Toutefois, la Cour a considéré que le propriétaire ne pouvait pas être autorisé à détruire un bâtiment « dans un délai tel que le public n’ait pas eu le temps de découvrir l’œuvre » ou que « la décision n’ait aucun motif légitime et s’apparente à un abus du droit de propriété »[7].

En conclusion, il résulte de cette jurisprudence constante que pour s’opposer à la destruction de son œuvre préexistante ou obtenir réparation du préjudice né de cette destruction sur le fondement de son droit moral d’auteur, l’architecte premier devra établir l’originalité de son œuvre, caractériser l’atteinte à son droit moral, mais également démontrer que la décision de démolir est brutale, abusive et disproportionnée au regard d’un projet architectural ou urbanistique inapproprié.

Ses opposants devront non seulement contester l’atteinte au droit moral, mais également démontrer l’inadaptation de la construction au regard des normes et des besoins actuels qui commandent de reconstruire la ville… et repenser l’espace !

Autant d’éléments qui feront l’objet d’une stricte appréciation par des juges du fond.

Outre le droit d’auteur, le droit du patrimoine culturel et le droit administratif offrent d’intéressants outils pour permettre de sauvegarder le patrimoine bâti existant que nous aborderons succinctement, sans pour autant prétendre à l’exhaustivité, ces sujets riches et complexes commandant que leur soient consacrés des articles dédiés.
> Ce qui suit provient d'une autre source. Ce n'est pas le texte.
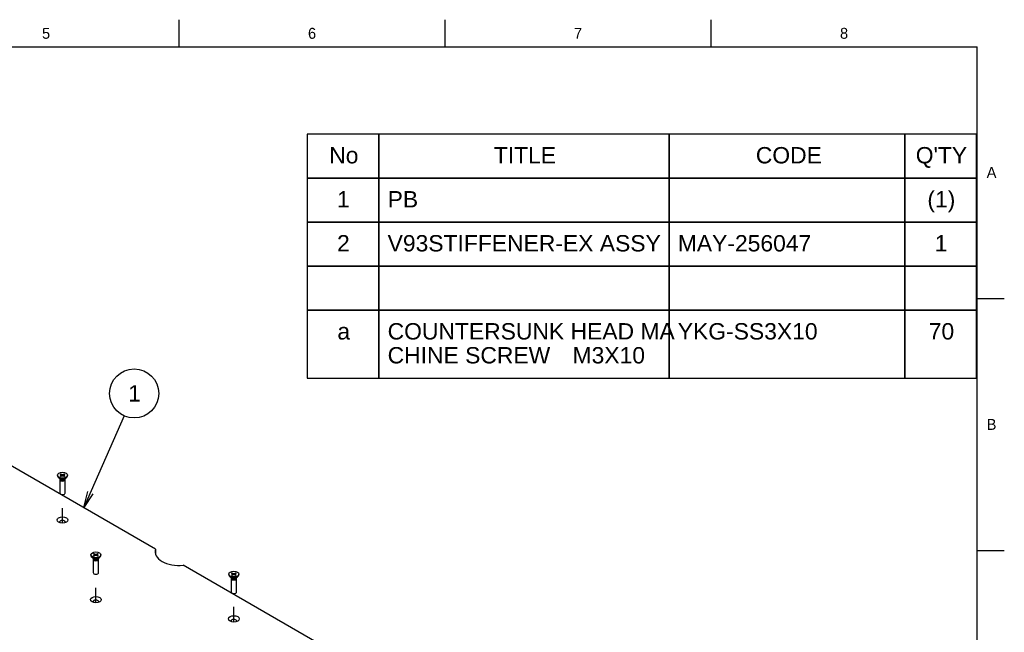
# Model space of a CAD drawing. Extents: x 0 to 415, y 5 to 324.
# Tile 12 of 12: x 235 to 415, y 180 to 292. Entities that reach past the tile are written whole.
import ezdxf
from ezdxf.enums import TextEntityAlignment as Align
from ezdxf.lldxf.tags import DXFTag

# ---------------------------------------------------------------- set-up
doc = ezdxf.new("R2010")
doc.units = 0
for name, color, linetype in [('DEFAULT', 7, 'CONTINUOUS'), ('DV1_0', 7, 'CONTINUOUS'), ('DX1-1253534', 7, 'CONTINUOUS'), ('LAYER0$C$L0', 7, 'CONTINUOUS'), ('LAYER1$C$L1', 7, 'CONTINUOUS'), ('YKG-SS3X12_STD', 7, 'CONTINUOUS')]:
    doc.layers.add(name, color=color, linetype=linetype)
doc.styles.add('SEACAD_ARIAL', font='arial.ttf')
doc.styles.add('SEACAD_ARIAL_TTF', font='txt')
tags = doc.linetypes.add('PHANTOM2', pattern=[31.75, 15.875, -3.175, 3.175, -3.175, 3.175, -3.175]).pattern_tags.tags
tags[14:15] = [DXFTag(74, 4), DXFTag(75, 0), DXFTag(340, '0'), DXFTag(46, 0.0), DXFTag(50, 0.0), DXFTag(44, 0.0), DXFTag(45, 0.0)]
tags[12:13] = [DXFTag(74, 4), DXFTag(75, 0), DXFTag(340, '0'), DXFTag(46, 0.0), DXFTag(50, 0.0), DXFTag(44, 0.0), DXFTag(45, 0.0)]
tags[10:11] = [DXFTag(74, 4), DXFTag(75, 0), DXFTag(340, '0'), DXFTag(46, 0.0), DXFTag(50, 0.0), DXFTag(44, 0.0), DXFTag(45, 0.0)]
tags[8:9] = [DXFTag(74, 4), DXFTag(75, 0), DXFTag(340, '0'), DXFTag(46, 0.0), DXFTag(50, 0.0), DXFTag(44, 0.0), DXFTag(45, 0.0)]
tags[6:7] = [DXFTag(74, 4), DXFTag(75, 0), DXFTag(340, '0'), DXFTag(46, 0.0), DXFTag(50, 0.0), DXFTag(44, 0.0), DXFTag(45, 0.0)]
tags[4:5] = [DXFTag(74, 4), DXFTag(75, 0), DXFTag(340, '0'), DXFTag(46, 0.0), DXFTag(50, 0.0), DXFTag(44, 0.0), DXFTag(45, 0.0)]

# ---------------------------------------------------------------- blocks, each defined once
blk = doc.blocks.new('SEANNOT_GROUP')
at = {"layer": 'DEFAULT', "color": 7, "linetype": 'CONTINUOUS'}
for points in [[(253.71, 219.37), (246.31, 202.54)], [(247.98, 205.08), (246.31, 202.54), (247.06, 205.49)]]:
    blk.add_lwpolyline(points, dxfattribs=at)
blk.add_circle((255.52, 223.49), 4.5, dxfattribs=at)
at = {"layer": 'DEFAULT', "color": 7, "linetype": 'CONTINUOUS', "style": 'SEACAD_ARIAL'}
blk.add_text('1', height=3, dxfattribs=at).set_placement((254.42, 224.99), align=Align.TOP_LEFT)
blk = doc.blocks.new('SE')
at = {"layer": 'DV1_0', "color": 7, "linetype": 'PHANTOM2'}
for p, q in [((242.39, 199.71), (242.39, 202.47)), ((248.51, 185.11), (248.51, 187.87)), ((273.8, 181.57), (273.8, 184.34))]:
    blk.add_line(p, q, dxfattribs=at)
at = {"layer": 'DX1-1253534', "color": 7, "linetype": 'CONTINUOUS'}
for p, q in [((259.46, 194.92), (229.79, 212.05)), ((259.46, 194.92), (259.46, 194)), ((336.65, 150.36), (264.51, 192))]:
    blk.add_line(p, q, dxfattribs=at)
for centre in [(242.39, 200.28), (248.51, 185.69), (273.8, 182.15)]:
    blk.add_ellipse(centre, major_axis=(-1, 0), ratio=0.57735, dxfattribs=at)
for centre, major_axis, start_param, end_param in [((242.39, 199.9), (0.533, 0), 0, 3.550653), ((242.39, 199.9), (0.533, 0), 5.874125, 6.283185), ((263.71, 194.46), (4.33, 0), 2.956162, 4.89782), ((248.51, 185.31), (0.533, 0), 0, 3.550653), ((248.51, 185.31), (0.533, 0), 5.874125, 6.283185), ((273.8, 181.77), (0.533, 0), 0, 3.550653), ((273.8, 181.77), (0.533, 0), 5.874125, 6.283185)]:
    blk.add_ellipse(centre, major_axis=major_axis, ratio=0.57735, start_param=start_param, end_param=end_param, dxfattribs=at)
at = {"layer": 'YKG-SS3X12_STD', "color": 7, "linetype": 'CONTINUOUS'}
for p, q in [((241.47, 208.49), (241.47, 208.38)), ((241.74, 208.01), (242.03, 207.84)), ((241.89, 207.92), (241.89, 207.9)), ((241.91, 207.82), (241.89, 207.74)), ((241.89, 207.7), (241.89, 205.22)), ((241.91, 207.82), (241.94, 207.76)), ((241.95, 208.67), (242.07, 208.74)), ((242.04, 208.63), (241.95, 208.67)), ((241.95, 208.31), (242.04, 208.34)), ((242.07, 208.24), (241.95, 208.31)), ((242.14, 208.49), (242.04, 208.63)), ((242.04, 208.34), (242.14, 208.49)), ((242.04, 208.34), (242.11, 208.26)), ((242.07, 208.74), (242.24, 208.31)), ((242.07, 208.74), (242.14, 208.69)), ((242.14, 208.29), (242.07, 208.24)), ((242.14, 208.69), (242.26, 208.31)), ((242.14, 208.69), (242.39, 208.63)), ((242.14, 208.49), (242.22, 208.31)), ((242.39, 208.34), (242.14, 208.29)), ((242.39, 208.63), (242.64, 208.69)), ((242.39, 208.63), (242.39, 208.34)), ((242.64, 208.29), (242.39, 208.34)), ((242.64, 208.69), (242.52, 208.31)), ((242.7, 208.74), (242.54, 208.31)), ((242.64, 208.49), (242.56, 208.31)), ((242.64, 208.69), (242.7, 208.74)), ((242.74, 208.63), (242.64, 208.49)), ((242.64, 208.49), (242.74, 208.34)), ((242.7, 208.24), (242.64, 208.29)), ((242.74, 208.34), (242.67, 208.26)), ((242.7, 208.74), (242.83, 208.67)), ((242.83, 208.31), (242.7, 208.24)), ((242.83, 208.67), (242.74, 208.63)), ((242.74, 208.34), (242.83, 208.31)), ((242.74, 207.84), (243.04, 208.01)), ((242.83, 207.76), (242.87, 207.82)), ((242.88, 207.74), (242.86, 207.82)), ((242.89, 207.9), (242.89, 207.92)), ((242.89, 205.22), (242.89, 207.7)), ((243.31, 208.38), (243.31, 208.49)), ((247.6, 193.89), (247.6, 193.78)), ((247.87, 193.41), (248.16, 193.24)), ((248.01, 193.32), (248.01, 193.31)), ((248.01, 193.1), (248.01, 190.63)), ((248.04, 193.22), (248.02, 193.14)), ((248.04, 193.22), (248.07, 193.16)), ((248.07, 194.07), (248.2, 194.15)), ((248.16, 194.04), (248.07, 194.07)), ((248.07, 193.71), (248.16, 193.75)), ((248.2, 193.64), (248.07, 193.71)), ((248.26, 193.89), (248.16, 194.04)), ((248.16, 193.75), (248.26, 193.89)), ((248.16, 193.75), (248.23, 193.66)), ((248.2, 194.15), (248.37, 193.71)), ((248.2, 194.15), (248.26, 194.1)), ((248.26, 193.69), (248.2, 193.64)), ((248.26, 194.1), (248.39, 193.72)), ((248.26, 194.1), (248.51, 194.04)), ((248.26, 193.89), (248.34, 193.71)), ((248.51, 193.75), (248.26, 193.69)), ((248.51, 194.04), (248.77, 194.1)), ((248.51, 194.04), (248.51, 193.75)), ((248.77, 193.69), (248.51, 193.75)), ((248.77, 194.1), (248.64, 193.72)), ((248.83, 194.15), (248.66, 193.71)), ((248.77, 193.89), (248.68, 193.71)), ((248.77, 194.1), (248.83, 194.15)), ((248.87, 194.04), (248.77, 193.89)), ((248.77, 193.89), (248.87, 193.75)), ((248.83, 193.64), (248.77, 193.69)), ((248.87, 193.75), (248.8, 193.66)), ((248.83, 194.15), (248.95, 194.07)), ((248.95, 193.71), (248.83, 193.64)), ((248.95, 194.07), (248.87, 194.04)), ((248.87, 193.75), (248.95, 193.71)), ((248.87, 193.24), (249.16, 193.41)), ((248.96, 193.16), (248.99, 193.22)), ((249.01, 193.14), (248.99, 193.22)), ((249.01, 193.31), (249.01, 193.32)), ((249.01, 190.63), (249.01, 193.1)), ((249.43, 193.78), (249.43, 193.89)), ((272.88, 190.36), (272.88, 190.25)), ((273.15, 189.87), (273.44, 189.7)), ((273.3, 189.79), (273.3, 189.77)), ((273.32, 189.68), (273.3, 189.61)), ((273.3, 189.57), (273.3, 187.09)), ((273.32, 189.69), (273.35, 189.62)), ((273.36, 190.54), (273.48, 190.61)), ((273.45, 190.5), (273.36, 190.54)), ((273.36, 190.17), (273.45, 190.21)), ((273.48, 190.1), (273.36, 190.17)), ((273.55, 190.36), (273.45, 190.5)), ((273.45, 190.21), (273.55, 190.36)), ((273.45, 190.21), (273.51, 190.13)), ((273.48, 190.61), (273.65, 190.18)), ((273.48, 190.61), (273.55, 190.56)), ((273.55, 190.15), (273.48, 190.1)), ((273.55, 190.56), (273.67, 190.18)), ((273.55, 190.56), (273.8, 190.5)), ((273.55, 190.36), (273.63, 190.17)), ((273.8, 190.21), (273.55, 190.15)), ((273.8, 190.5), (274.05, 190.56)), ((273.8, 190.5), (273.8, 190.21)), ((274.05, 190.15), (273.8, 190.21)), ((274.05, 190.56), (273.93, 190.18)), ((274.11, 190.61), (273.95, 190.18)), ((274.05, 190.36), (273.97, 190.17)), ((274.05, 190.56), (274.11, 190.61)), ((274.15, 190.5), (274.05, 190.36)), ((274.05, 190.36), (274.15, 190.21)), ((274.11, 190.1), (274.05, 190.15)), ((274.15, 190.21), (274.08, 190.13)), ((274.11, 190.61), (274.24, 190.54)), ((274.24, 190.17), (274.11, 190.1)), ((274.24, 190.54), (274.15, 190.5)), ((274.15, 190.21), (274.24, 190.17)), ((274.15, 189.7), (274.45, 189.87)), ((274.24, 189.62), (274.28, 189.69)), ((274.29, 189.61), (274.27, 189.68)), ((274.3, 189.77), (274.3, 189.79)), ((274.3, 187.09), (274.3, 189.57)), ((274.71, 190.25), (274.71, 190.36))]:
    blk.add_line(p, q, dxfattribs=at)
for centre in [(242.39, 208.49), (248.51, 193.89), (273.8, 190.36)]:
    blk.add_ellipse(centre, major_axis=(0.917, 0), ratio=0.57735, dxfattribs=at)
for centre, major_axis, start_param, end_param in [((242.39, 208.38), (0.917, 0), 3.141593, 6.283185), ((242.39, 207.7), (0.5, 0), 2.9966, 6.283185), ((242.39, 207.9), (0.5, 0), 3.141593, 6.283185), ((242.39, 207.84), (0.466, 0), 3.434744, 5.990034), ((242.39, 208.04), (0.5, 0), 3.926991, 5.497787), ((242.39, 207.7), (0.5, 0), 0, 0.144993), ((242.39, 205.22), (0.5, 0), 3.141593, 6.283185), ((248.51, 193.78), (0.917, 0), 3.141593, 6.283185), ((248.51, 193.1), (0.5, 0), 2.9966, 6.283185), ((248.51, 193.31), (0.5, 0), 3.141593, 6.283185), ((248.51, 193.24), (0.466, 0), 3.434744, 5.990034), ((248.51, 193.44), (0.5, 0), 3.926991, 5.497787), ((248.51, 193.1), (0.5, 0), 0, 0.144993), ((248.51, 190.63), (0.5, 0), 3.141593, 6.283185), ((273.8, 190.25), (0.917, 0), 3.141593, 6.283185), ((273.8, 189.57), (0.5, 0), 2.9966, 6.283185), ((273.8, 189.77), (0.5, 0), 3.141593, 6.283185), ((273.8, 189.7), (0.466, 0), 3.434744, 5.990034), ((273.8, 189.91), (0.5, 0), 3.926991, 5.497787), ((273.8, 189.57), (0.5, 0), 0, 0.144993), ((273.8, 187.09), (0.5, 0), 3.141593, 6.283185)]:
    blk.add_ellipse(centre, major_axis=major_axis, ratio=0.57735, start_param=start_param, end_param=end_param, dxfattribs=at)

msp = doc.modelspace()

# ---------------------------------------------------------------- linework, layer by layer
at = {"layer": 'DEFAULT', "color": 7, "linetype": 'CONTINUOUS'}
for points in [[(287.21, 271.02), (287.21, 262.95), (300.39, 262.95), (300.39, 271.02), (287.21, 271.02)], [(300.39, 271.02), (300.39, 262.95), (353.57, 262.95), (353.57, 271.02), (300.39, 271.02)], [(353.57, 271.02), (353.57, 262.95), (396.75, 262.95), (396.75, 271.02), (353.57, 271.02)], [(396.75, 271.02), (396.75, 262.95), (409.93, 262.95), (409.93, 271.02), (396.75, 271.02)], [(287.21, 262.95), (287.21, 254.88), (300.39, 254.88), (300.39, 262.95), (287.21, 262.95)], [(300.39, 262.95), (300.39, 254.88), (353.57, 254.88), (353.57, 262.95), (300.39, 262.95)], [(353.57, 262.95), (353.57, 254.88), (396.75, 254.88), (396.75, 262.95), (353.57, 262.95)], [(396.75, 262.95), (396.75, 254.88), (409.93, 254.88), (409.93, 262.95), (396.75, 262.95)], [(287.21, 254.88), (287.21, 246.81), (300.39, 246.81), (300.39, 254.88), (287.21, 254.88)], [(300.39, 254.88), (300.39, 246.81), (353.57, 246.81), (353.57, 254.88), (300.39, 254.88)], [(353.57, 254.88), (353.57, 246.81), (396.75, 246.81), (396.75, 254.88), (353.57, 254.88)], [(396.75, 254.88), (396.75, 246.81), (409.93, 246.81), (409.93, 254.88), (396.75, 254.88)], [(287.21, 246.81), (287.21, 238.74), (300.39, 238.74), (300.39, 246.81), (287.21, 246.81)], [(300.39, 246.81), (300.39, 238.74), (353.57, 238.74), (353.57, 246.81), (300.39, 246.81)], [(353.57, 246.81), (353.57, 238.74), (396.75, 238.74), (396.75, 246.81), (353.57, 246.81)], [(396.75, 246.81), (396.75, 238.74), (409.93, 238.74), (409.93, 246.81), (396.75, 246.81)], [(287.21, 238.74), (287.21, 226.26), (300.39, 226.26), (300.39, 238.74), (287.21, 238.74)], [(300.39, 238.74), (300.39, 226.26), (353.57, 226.26), (353.57, 238.74), (300.39, 238.74)], [(353.57, 238.74), (353.57, 226.26), (396.75, 226.26), (396.75, 238.74), (353.57, 238.74)], [(396.75, 238.74), (396.75, 226.26), (409.93, 226.26), (409.93, 238.74), (396.75, 238.74)]]:
    msp.add_lwpolyline(points, dxfattribs=at)
at = {"layer": 'LAYER0$C$L0', "color": 7, "linetype": 'CONTINUOUS'}
for p, q in [((263.75, 287), (263.75, 292)), ((312.5, 287), (312.5, 292)), ((361.25, 287), (361.25, 292)), ((20, 287), (410, 287)), ((410, 10), (410, 287)), ((410, 240.9), (415, 240.9)), ((410, 194.7), (415, 194.7))]:
    msp.add_line(p, q, dxfattribs=at)

# ---------------------------------------------------------------- block references
at = {"layer": 'DEFAULT'}
for name in ['SE', 'SEANNOT_GROUP']:
    msp.add_blockref(name, (0, 0), dxfattribs=at)

# ---------------------------------------------------------------- texts
at = {"layer": 'DEFAULT', "color": 7, "linetype": 'CONTINUOUS', "style": 'SEACAD_ARIAL'}
for s, p in [('No', (291.27, 268.65)), ('TITLE', (321.44, 268.65)), ('CODE', (369.46, 268.65)), ("Q'TY", (398.77, 268.65)), ('1', (292.71, 260.58)), ('PB', (301.98, 260.58)), ('(1)', (400.9, 260.58)), ('2', (292.71, 252.51)), ('V93STIFFENER-EX ASSY', (301.98, 252.51)), ('MAY-256047', (355.16, 252.51)), ('1', (402.25, 252.51)), ('COUNTERSUNK HEAD MA', (301.98, 236.37)), ('YKG-SS3X10', (355.16, 236.37)), ('70', (401.15, 236.37)), ('a', (292.77, 236.37)), ('CHINE SCREW\u3000M3X10', (301.98, 231.98))]:
    msp.add_text(s, height=3, dxfattribs=at).set_placement(p, align=Align.TOP_LEFT)
at = {"layer": 'LAYER1$C$L1', "color": 7, "linetype": 'CONTINUOUS', "style": 'SEACAD_ARIAL_TTF'}
for s, p in [('6', (287.39, 290.5)), ('8', (384.89, 290.5)), ('5', (238.64, 290.5)), ('7', (336.14, 290.5)), ('A', (411.77, 265)), ('B', (411.77, 218.8))]:
    msp.add_text(s, height=2, dxfattribs=at).set_placement(p, align=Align.TOP_LEFT)

doc.saveas('drawing.dxf')

Droit du patrimoine culturel : classer pour moins détruire

Un outil juridique apprécié par les chevaliers du bâti concerne le droit du patrimoine culturel, et plus précisément les lois protégeant les monuments historiques, aujourd’hui codifiées dans le Code du patrimoine et abondamment mises en avant pour éviter les destructions.

Le Code du patrimoine accorde en effet une protection toute particulière aux immeubles protégés au titre des monuments historiques, classés ou simplement inscrits : leurs propriétaires ne peuvent y effectuer aucune modification sans déclaration ou autorisation de l’autorité administrative compétente, selon les cas de figure (articles L.621-9 et L.621-27 du Code du patrimoine).

On parle alors de « servitude d’utilité publique », la protection au titre des monuments historiques consistant en une « limitation administrative au droit de propriété dans un but d’utilité publique : le propriétaire d’un bien protégé a la responsabilité de sa conservation mais ne peut disposer librement de celui-ci »[8].

Il en est de même pour les abords du bâtiment protégé, c’est-à-dire le périmètre délimité par l’autorité administrative ou, à défaut, le champ de visibilité de 500 mètres autour du bâtiment protégé, et ce pour en garantir la conservation ou la mise en valeur.

L’initiative du classement ou de l’inscription de l’immeuble au titre des monuments historiques (selon l’intérêt patrimonial du bien) peut résulter des services de l’Etat, du propriétaire du bâtiment ou de toute personne y ayant intérêt (association de défense du patrimoine par exemple).

Ainsi, alors que le droit de s’opposer à la destruction d’un bâtiment sur le fondement du Code de la propriété intellectuelle est réservé à l’architecte et à ses ayants droit, les outils de sauvegarde du patrimoine offerts par le Code du patrimoine ont une vocation nettement plus générale.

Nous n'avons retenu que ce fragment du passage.